Directions: From the first line to the last, restate every record word for word, leaving out the pictures.

Records from a data collection
★ ★ ★

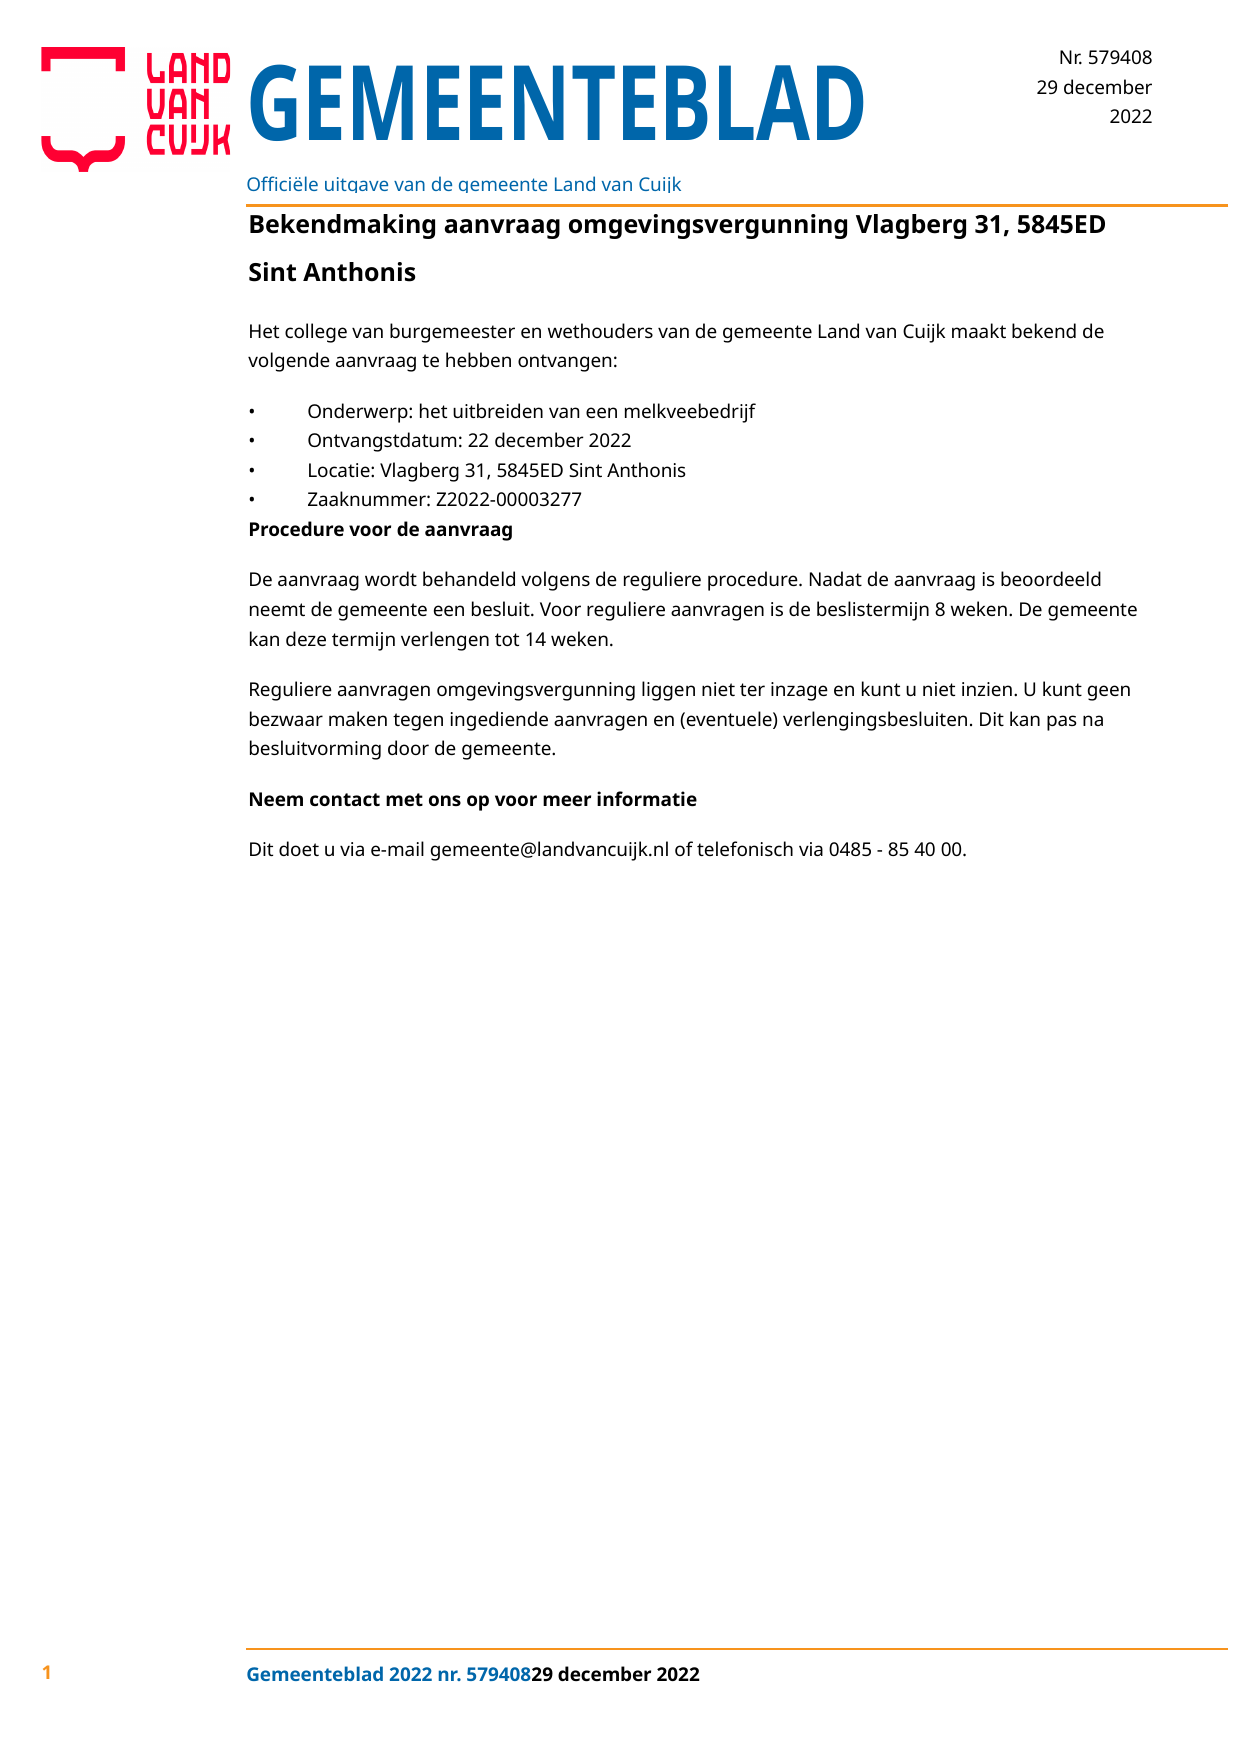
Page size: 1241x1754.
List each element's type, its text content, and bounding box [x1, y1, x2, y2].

text Bekendmaking aanvraag omgevingsvergunning Vlagberg 31, 5845ED Sint Anthonis [248, 207, 1152, 288]
list Ontvangstdatum: 22 december 2022 [248, 427, 1152, 453]
list Zaaknummer: Z2022-00003277 [248, 487, 1152, 512]
text Procedure voor de aanvraag [248, 516, 1152, 542]
text De aanvraag wordt behandeld volgens de reguliere procedure. Nadat de aanvraag is beoordeeld neemt de gemeente een besluit. Voor reguliere aanvragen is de beslistermijn 8 weken. De gemeente kan deze termijn verlengen tot 14 weken. [248, 567, 1152, 652]
text Neem contact met ons op voor meer informatie [248, 786, 1152, 812]
list Locatie: Vlagberg 31, 5845ED Sint Anthonis [248, 457, 1152, 483]
list Onderwerp: het uitbreiden van een melkveebedrijf [248, 398, 1152, 424]
picture [41, 47, 231, 172]
text Reguliere aanvragen omgevingsvergunning liggen niet ter inzage en kunt u niet inzien. U kunt geen bezwaar maken tegen ingediende aanvragen en (eventuele) verlengingsbesluiten. Dit kan pas na besluitvorming door de gemeente. [248, 676, 1152, 761]
text Dit doet u via e-mail gemeente@landvancuijk.nl of telefonisch via 0485 - 85 40 00. [248, 836, 1152, 862]
text Het college van burgemeester en wethouders van de gemeente Land van Cuijk maakt bekend de volgende aanvraag te hebben ontvangen: [248, 318, 1152, 373]
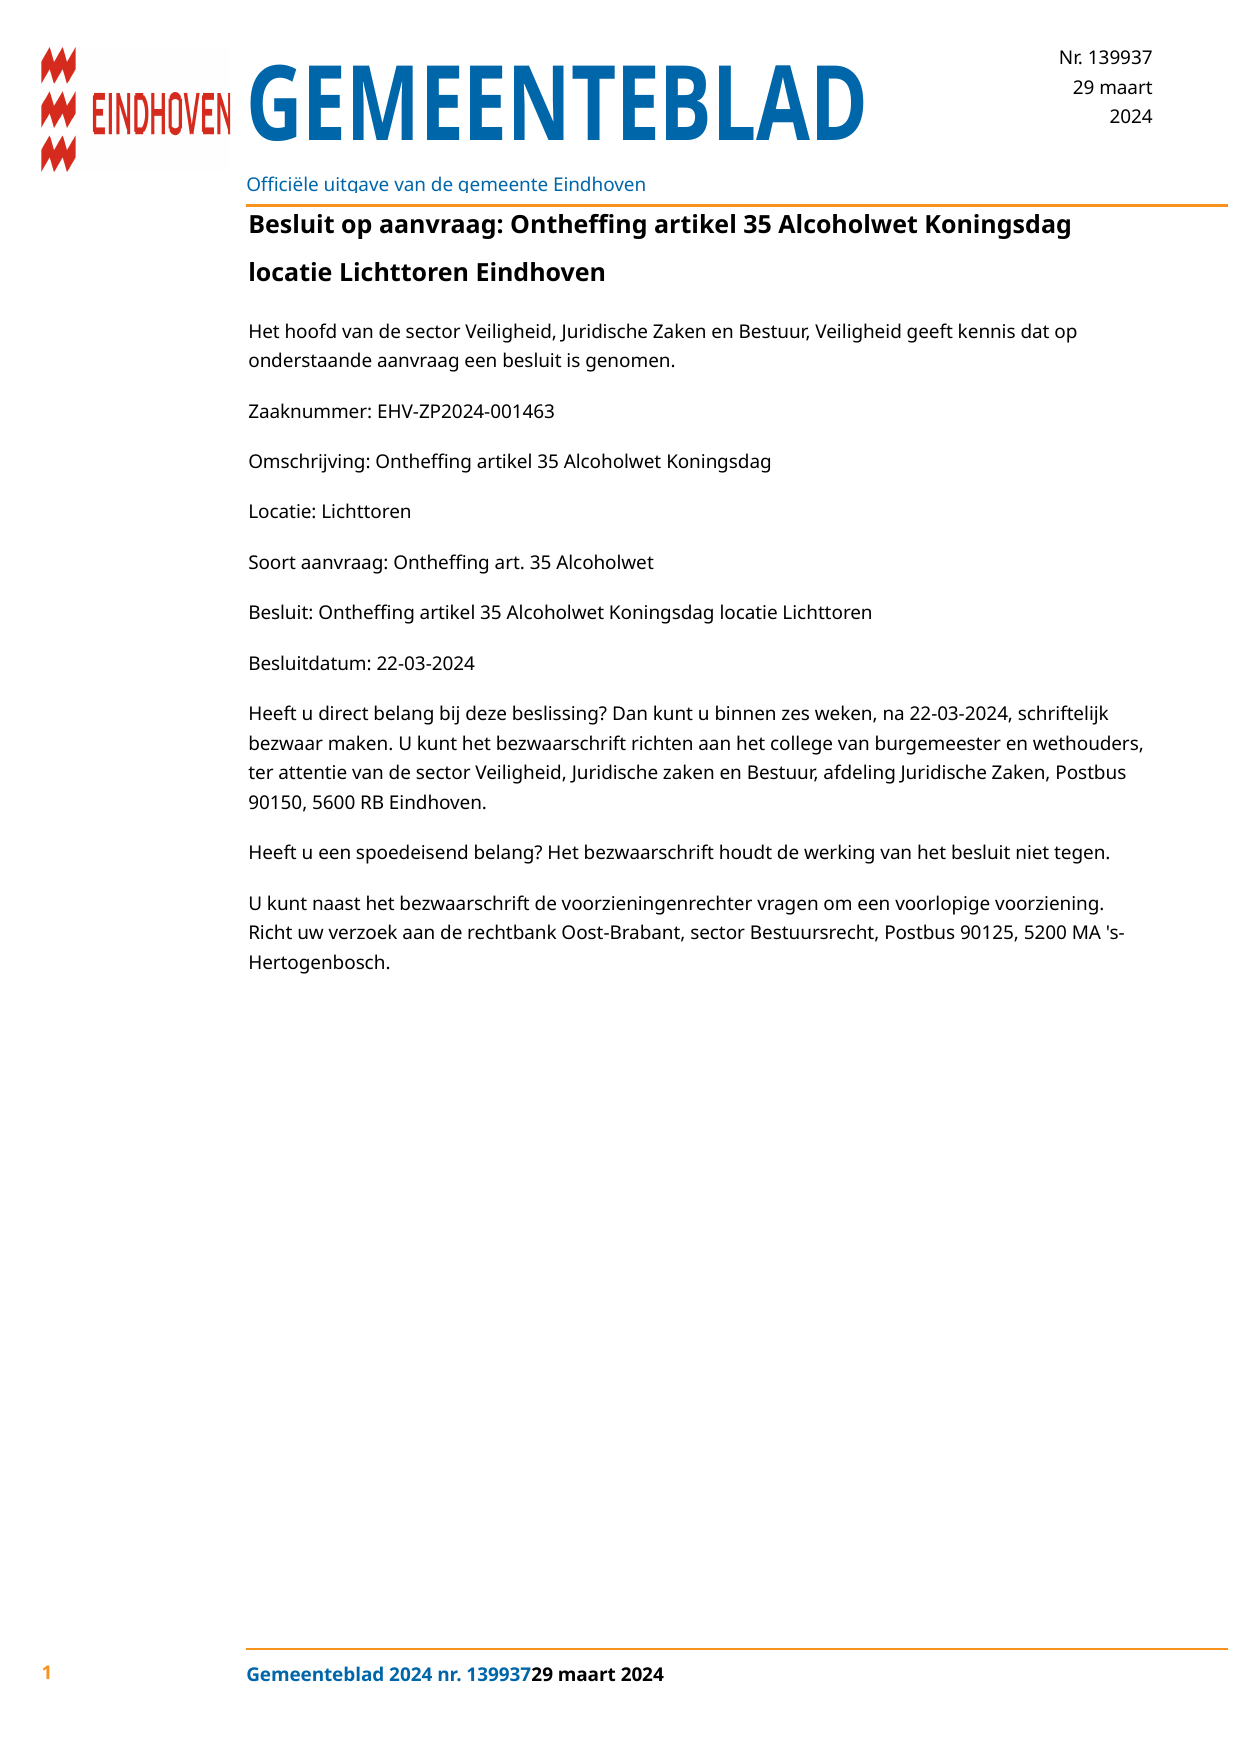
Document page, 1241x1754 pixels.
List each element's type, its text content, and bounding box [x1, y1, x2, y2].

★ ★ ★

Output of the exercise:
Page size: 1241x1754.
List each element's type, its text content, and bounding box [x1, y1, x2, y2].

text Bekendmaking aanvraag omgevingsvergunning Vlagberg 31, 5845ED Sint Anthonis [248, 207, 1152, 288]
list Ontvangstdatum: 22 december 2022 [248, 427, 1152, 453]
list Zaaknummer: Z2022-00003277 [248, 487, 1152, 512]
text Procedure voor de aanvraag [248, 516, 1152, 542]
text De aanvraag wordt behandeld volgens de reguliere procedure. Nadat de aanvraag is beoordeeld neemt de gemeente een besluit. Voor reguliere aanvragen is de beslistermijn 8 weken. De gemeente kan deze termijn verlengen tot 14 weken. [248, 567, 1152, 652]
text Neem contact met ons op voor meer informatie [248, 786, 1152, 812]
list Locatie: Vlagberg 31, 5845ED Sint Anthonis [248, 457, 1152, 483]
list Onderwerp: het uitbreiden van een melkveebedrijf [248, 398, 1152, 424]
picture [41, 47, 231, 172]
text Reguliere aanvragen omgevingsvergunning liggen niet ter inzage en kunt u niet inzien. U kunt geen bezwaar maken tegen ingediende aanvragen en (eventuele) verlengingsbesluiten. Dit kan pas na besluitvorming door de gemeente. [248, 676, 1152, 761]
text Dit doet u via e-mail gemeente@landvancuijk.nl of telefonisch via 0485 - 85 40 00. [248, 836, 1152, 862]
text Het college van burgemeester en wethouders van de gemeente Land van Cuijk maakt bekend de volgende aanvraag te hebben ontvangen: [248, 318, 1152, 373]
Document page, 1241x1754 pixels.
List each element's type, its text content, and bounding box [x1, y1, x2, y2].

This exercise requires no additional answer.